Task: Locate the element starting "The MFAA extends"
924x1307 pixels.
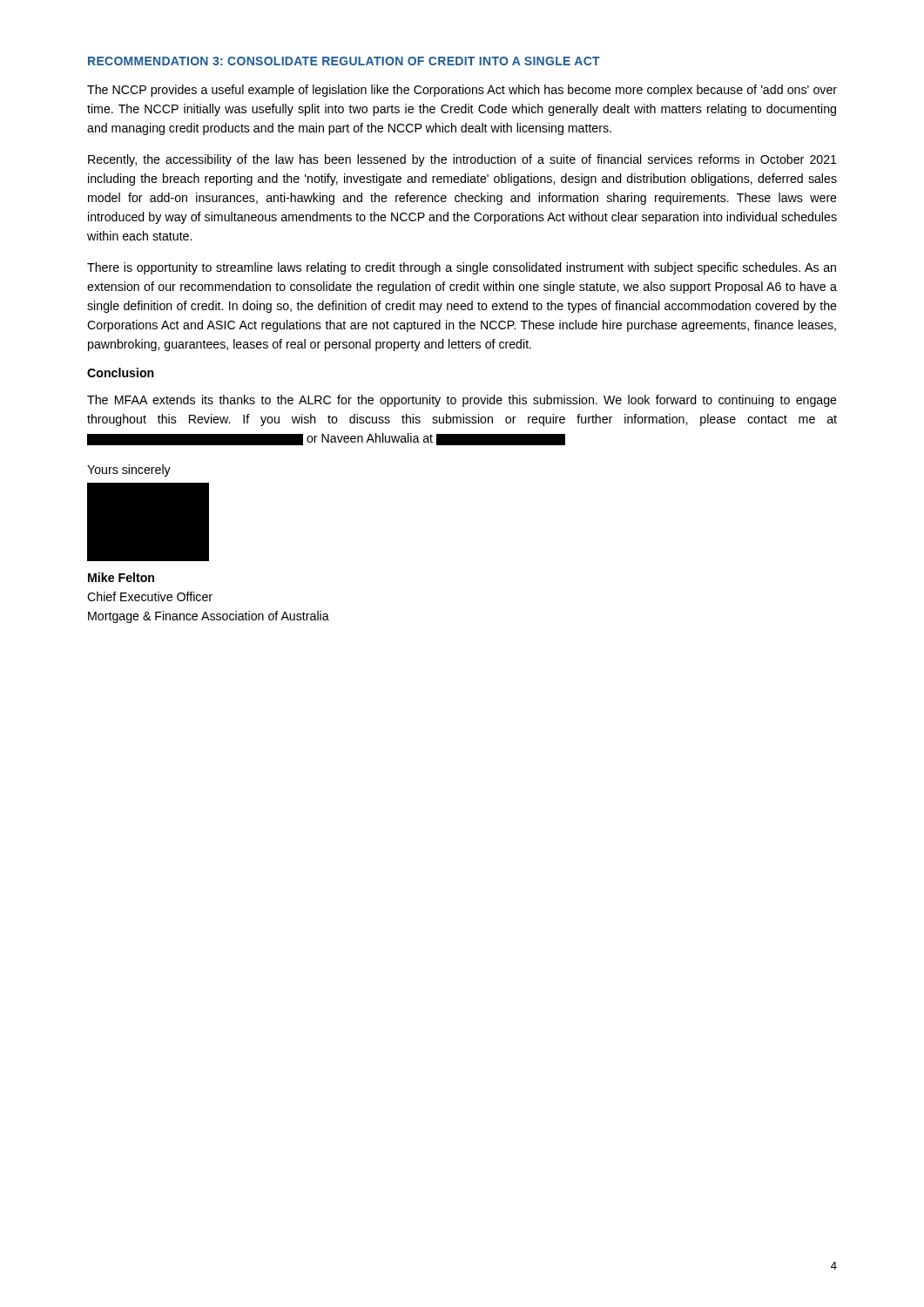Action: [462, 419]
...
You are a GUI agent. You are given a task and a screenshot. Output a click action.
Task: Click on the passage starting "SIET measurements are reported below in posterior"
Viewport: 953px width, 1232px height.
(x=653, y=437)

* WHAT TO PRODUCE *
Find how many lines in the records contain the string "starting", then give the number alone.

* ANSWER TO THE EXERCISE *
2